### What the task requires
The answer must be every line below that contains the string "Expected".

### Entries shown

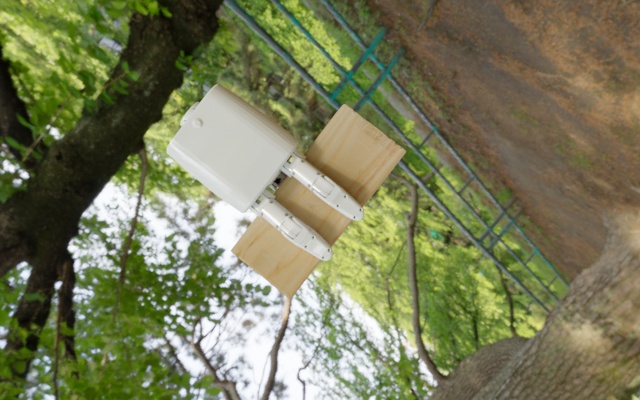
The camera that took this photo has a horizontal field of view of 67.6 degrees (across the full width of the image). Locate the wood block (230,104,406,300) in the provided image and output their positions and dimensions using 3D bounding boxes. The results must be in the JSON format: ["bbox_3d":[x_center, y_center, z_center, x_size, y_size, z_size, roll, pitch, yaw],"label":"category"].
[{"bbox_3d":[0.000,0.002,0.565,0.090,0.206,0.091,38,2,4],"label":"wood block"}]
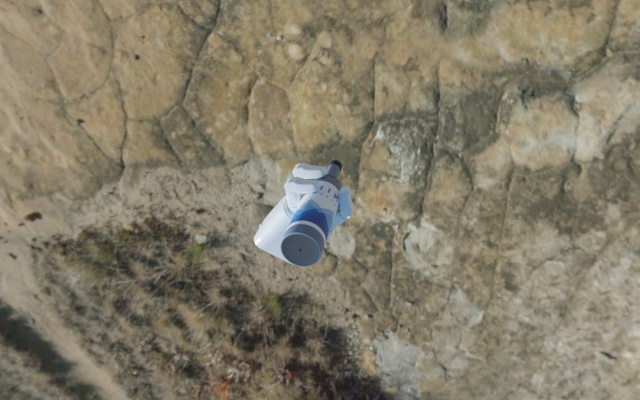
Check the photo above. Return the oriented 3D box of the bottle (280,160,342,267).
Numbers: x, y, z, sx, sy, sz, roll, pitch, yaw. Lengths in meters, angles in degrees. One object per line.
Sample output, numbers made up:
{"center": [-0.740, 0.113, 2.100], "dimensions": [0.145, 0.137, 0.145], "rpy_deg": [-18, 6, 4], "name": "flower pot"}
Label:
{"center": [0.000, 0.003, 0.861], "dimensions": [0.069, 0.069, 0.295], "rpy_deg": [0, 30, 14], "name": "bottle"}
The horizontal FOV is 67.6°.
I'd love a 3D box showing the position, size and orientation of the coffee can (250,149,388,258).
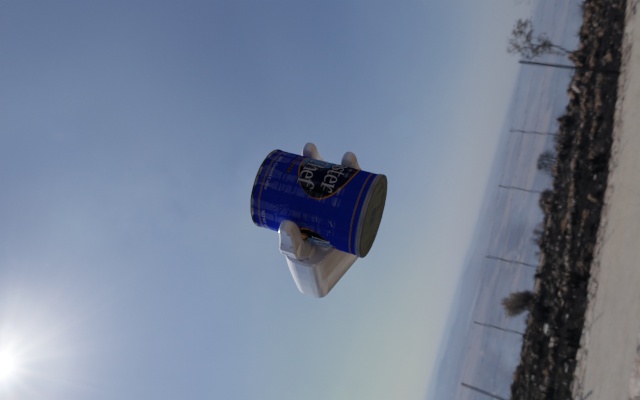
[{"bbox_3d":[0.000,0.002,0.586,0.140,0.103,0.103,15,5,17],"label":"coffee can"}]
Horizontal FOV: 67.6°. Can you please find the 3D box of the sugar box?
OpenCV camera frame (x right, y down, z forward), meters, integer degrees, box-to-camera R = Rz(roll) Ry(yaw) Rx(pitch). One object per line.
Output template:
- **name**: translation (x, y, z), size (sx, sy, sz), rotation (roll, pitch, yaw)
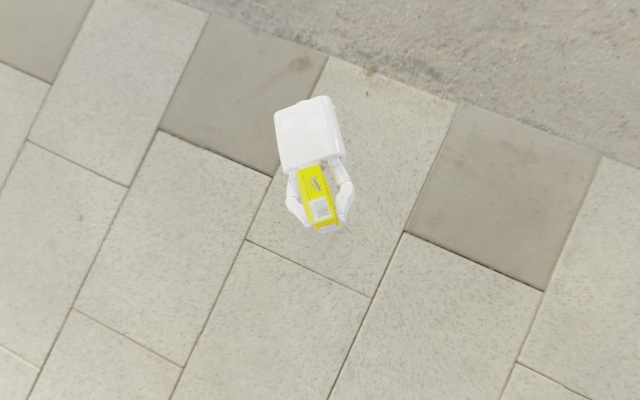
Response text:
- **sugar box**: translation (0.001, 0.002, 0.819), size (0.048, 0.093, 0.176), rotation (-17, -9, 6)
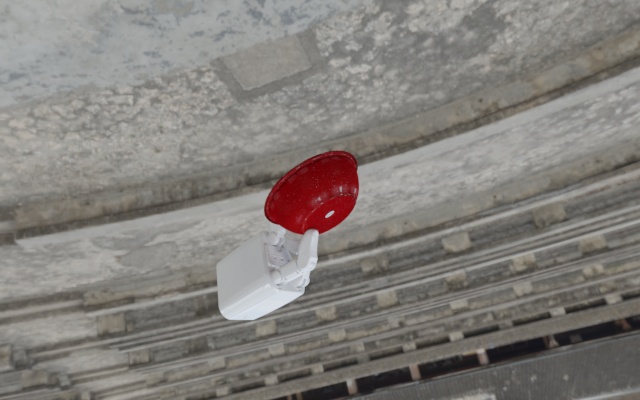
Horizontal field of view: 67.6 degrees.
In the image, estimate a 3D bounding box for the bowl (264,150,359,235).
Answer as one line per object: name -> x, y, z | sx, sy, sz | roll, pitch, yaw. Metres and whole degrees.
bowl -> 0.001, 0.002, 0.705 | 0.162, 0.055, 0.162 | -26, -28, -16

...

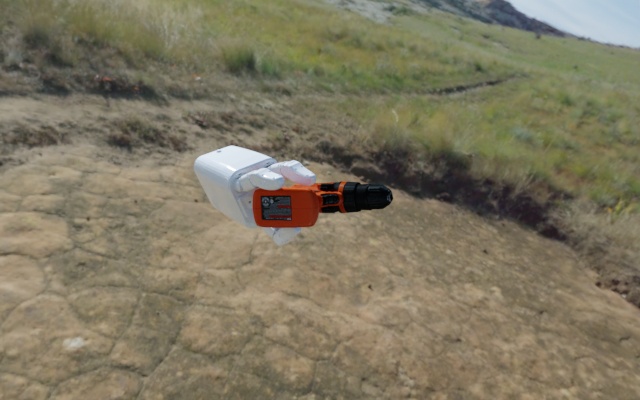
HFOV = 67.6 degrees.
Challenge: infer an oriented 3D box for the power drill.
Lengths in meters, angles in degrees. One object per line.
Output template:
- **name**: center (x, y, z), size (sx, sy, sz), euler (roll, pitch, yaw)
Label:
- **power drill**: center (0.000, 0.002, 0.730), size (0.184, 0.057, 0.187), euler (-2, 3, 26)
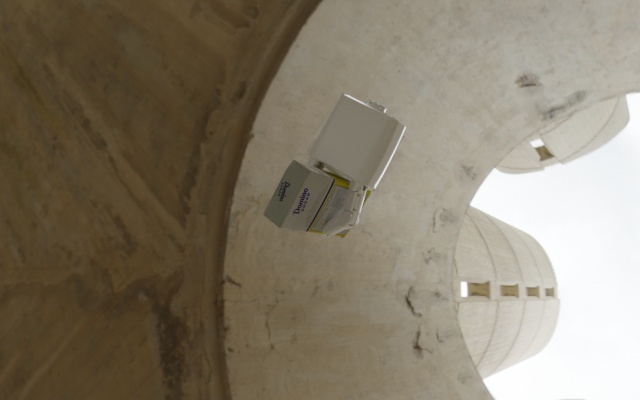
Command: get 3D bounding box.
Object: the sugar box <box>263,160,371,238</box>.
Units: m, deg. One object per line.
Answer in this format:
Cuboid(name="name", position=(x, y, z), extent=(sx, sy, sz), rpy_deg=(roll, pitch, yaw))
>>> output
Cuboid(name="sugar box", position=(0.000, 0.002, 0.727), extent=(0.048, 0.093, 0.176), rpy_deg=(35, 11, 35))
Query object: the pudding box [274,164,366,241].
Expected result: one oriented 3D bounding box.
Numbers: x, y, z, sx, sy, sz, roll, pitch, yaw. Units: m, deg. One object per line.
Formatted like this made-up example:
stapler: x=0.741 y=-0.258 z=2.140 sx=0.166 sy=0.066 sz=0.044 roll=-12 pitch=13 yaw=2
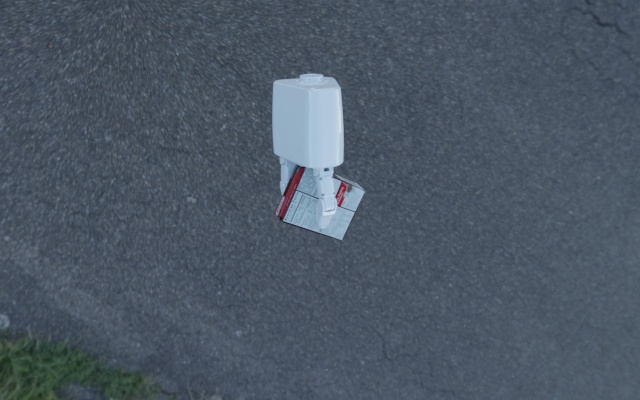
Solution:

...

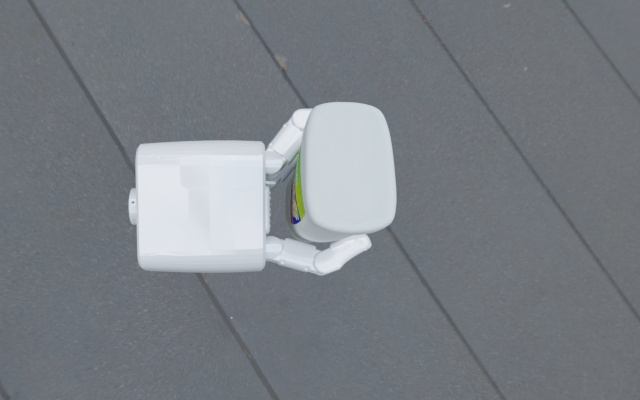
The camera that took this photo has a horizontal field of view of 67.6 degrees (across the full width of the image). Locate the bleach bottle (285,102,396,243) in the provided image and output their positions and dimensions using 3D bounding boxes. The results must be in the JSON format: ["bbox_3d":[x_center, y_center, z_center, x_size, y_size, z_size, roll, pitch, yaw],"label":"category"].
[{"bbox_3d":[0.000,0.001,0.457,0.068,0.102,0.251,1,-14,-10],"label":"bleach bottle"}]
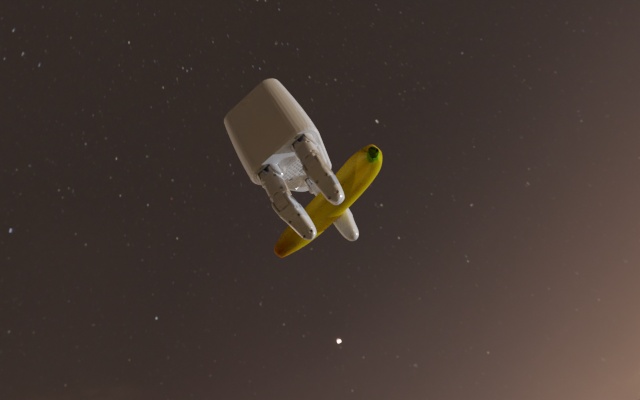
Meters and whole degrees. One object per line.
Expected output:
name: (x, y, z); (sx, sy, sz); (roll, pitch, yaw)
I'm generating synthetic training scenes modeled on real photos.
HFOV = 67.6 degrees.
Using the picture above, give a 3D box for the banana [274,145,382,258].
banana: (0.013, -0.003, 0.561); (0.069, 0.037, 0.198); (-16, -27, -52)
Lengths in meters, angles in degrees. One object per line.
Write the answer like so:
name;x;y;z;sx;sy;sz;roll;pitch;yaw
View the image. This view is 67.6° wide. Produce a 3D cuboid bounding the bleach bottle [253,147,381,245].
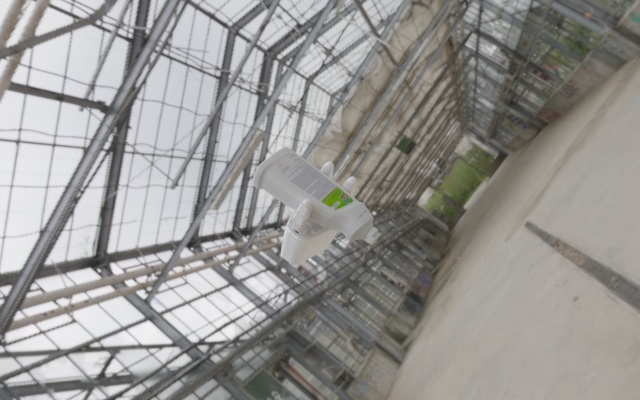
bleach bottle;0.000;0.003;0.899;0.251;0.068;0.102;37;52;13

### The completed task
Expected result: one oriented 3D bounding box.
Expected output:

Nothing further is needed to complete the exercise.